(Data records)

- Opening Delimiter -

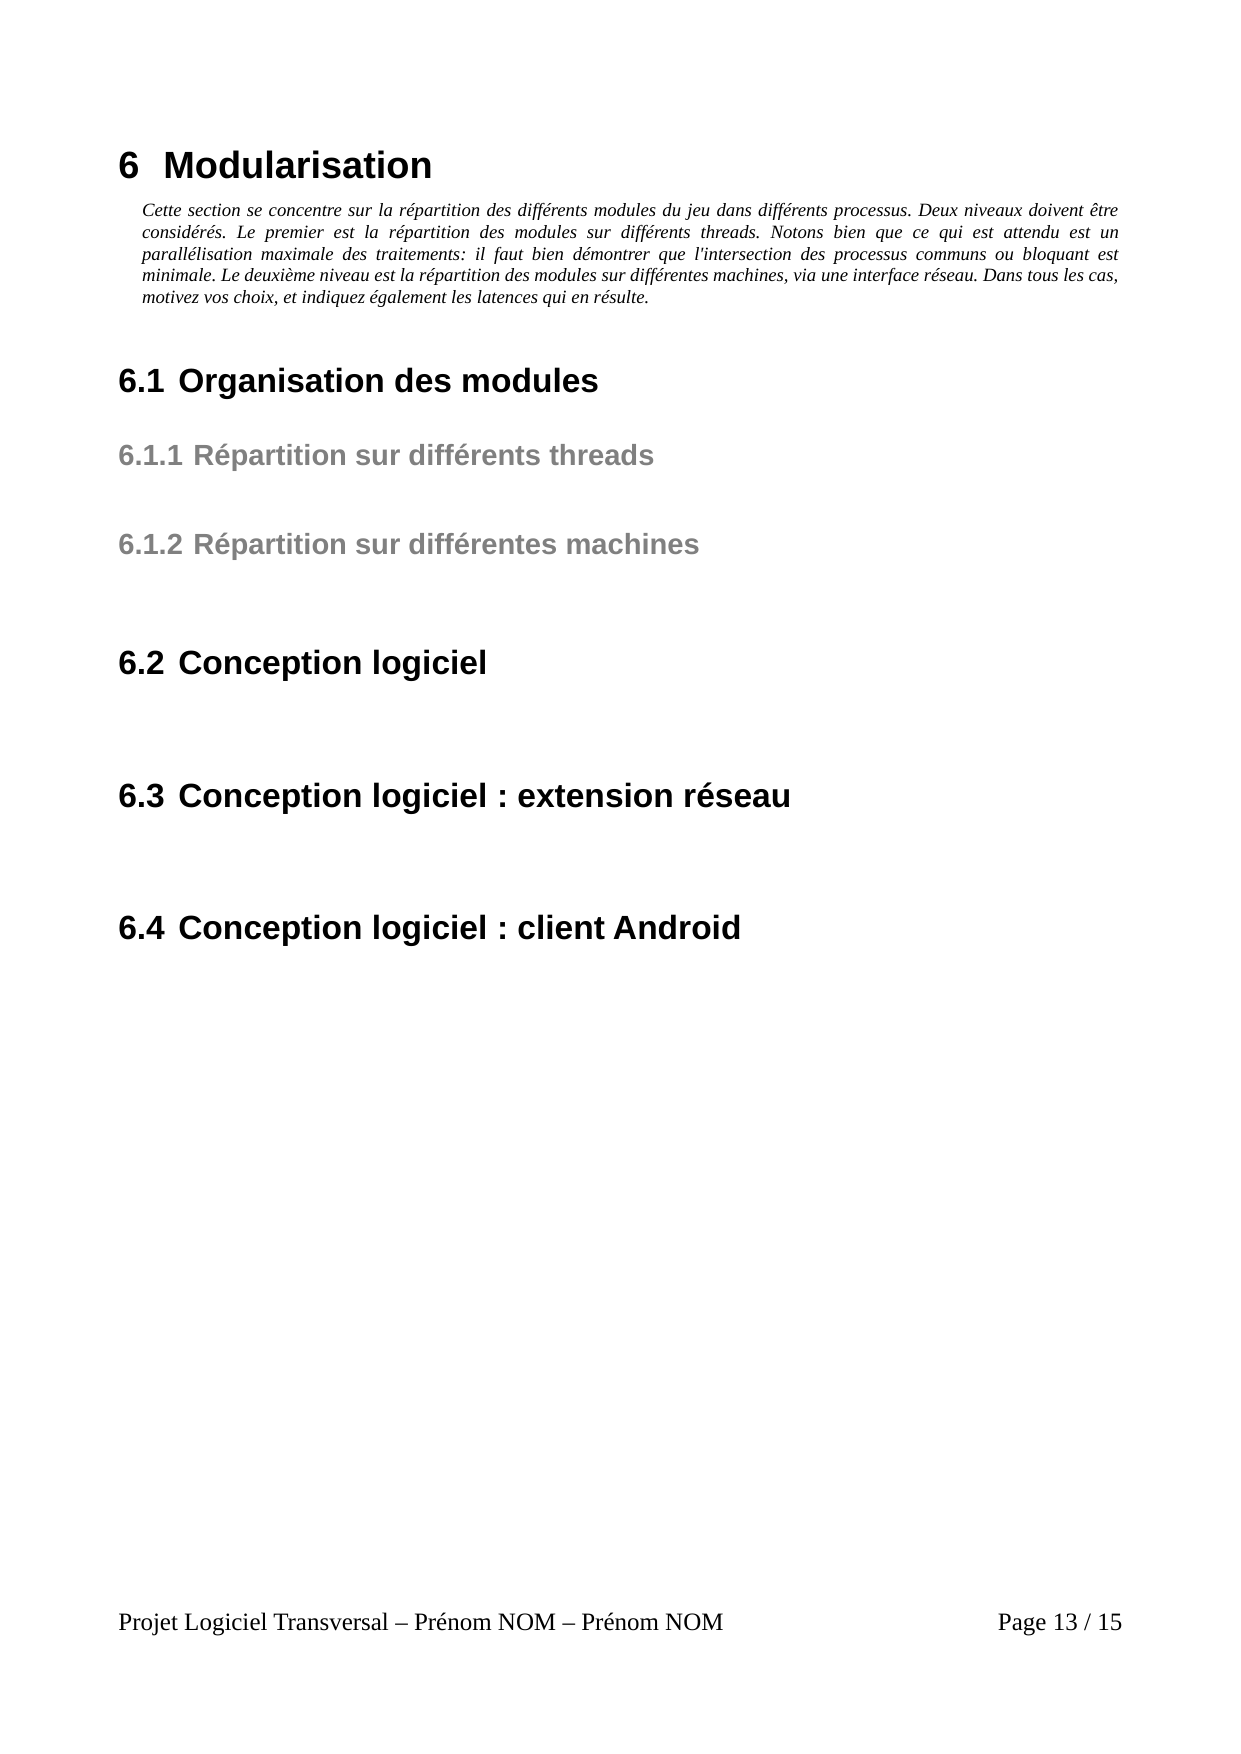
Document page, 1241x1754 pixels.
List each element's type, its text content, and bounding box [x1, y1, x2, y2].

subtitle Répartition sur différents threads [118, 438, 1122, 471]
text Cette section se concentre sur la répartition des différents modules du jeu dans différents processus. Deux niveaux doivent être considérés. Le premier est la répartition des modules sur différents threads. Notons bien que ce qui est attendu est un parallélisation maximale des traitements: il faut bien démontrer que l'intersection des processus communs ou bloquant est minimale. Le deuxième niveau est la répartition des modules sur différentes machines, via une interface réseau. Dans tous les cas, motivez vos choix, et indiquez également les latences qui en résulte. [142, 199, 1122, 307]
subtitle Conception logiciel [118, 643, 1122, 682]
subtitle Modularisation [118, 143, 1122, 187]
subtitle Organisation des modules [118, 361, 1122, 399]
subtitle Répartition sur différentes machines [118, 527, 1122, 561]
subtitle Conception logiciel : extension réseau [118, 776, 1122, 814]
subtitle Conception logiciel : client Android [118, 908, 1122, 947]

- Closing Delimiter -

Work task:
Set each line of the records down exactly, leaving every picture out.

Reply:
Document page, 1241x1754 pixels.
List each element's type, its text content, and bounding box [x1, y1, x2, y2].

subtitle Répartition sur différents threads [118, 438, 1122, 471]
text Cette section se concentre sur la répartition des différents modules du jeu dans différents processus. Deux niveaux doivent être considérés. Le premier est la répartition des modules sur différents threads. Notons bien que ce qui est attendu est un parallélisation maximale des traitements: il faut bien démontrer que l'intersection des processus communs ou bloquant est minimale. Le deuxième niveau est la répartition des modules sur différentes machines, via une interface réseau. Dans tous les cas, motivez vos choix, et indiquez également les latences qui en résulte. [142, 199, 1122, 307]
subtitle Conception logiciel [118, 643, 1122, 682]
subtitle Modularisation [118, 143, 1122, 187]
subtitle Organisation des modules [118, 361, 1122, 399]
subtitle Répartition sur différentes machines [118, 527, 1122, 561]
subtitle Conception logiciel : extension réseau [118, 776, 1122, 814]
subtitle Conception logiciel : client Android [118, 908, 1122, 947]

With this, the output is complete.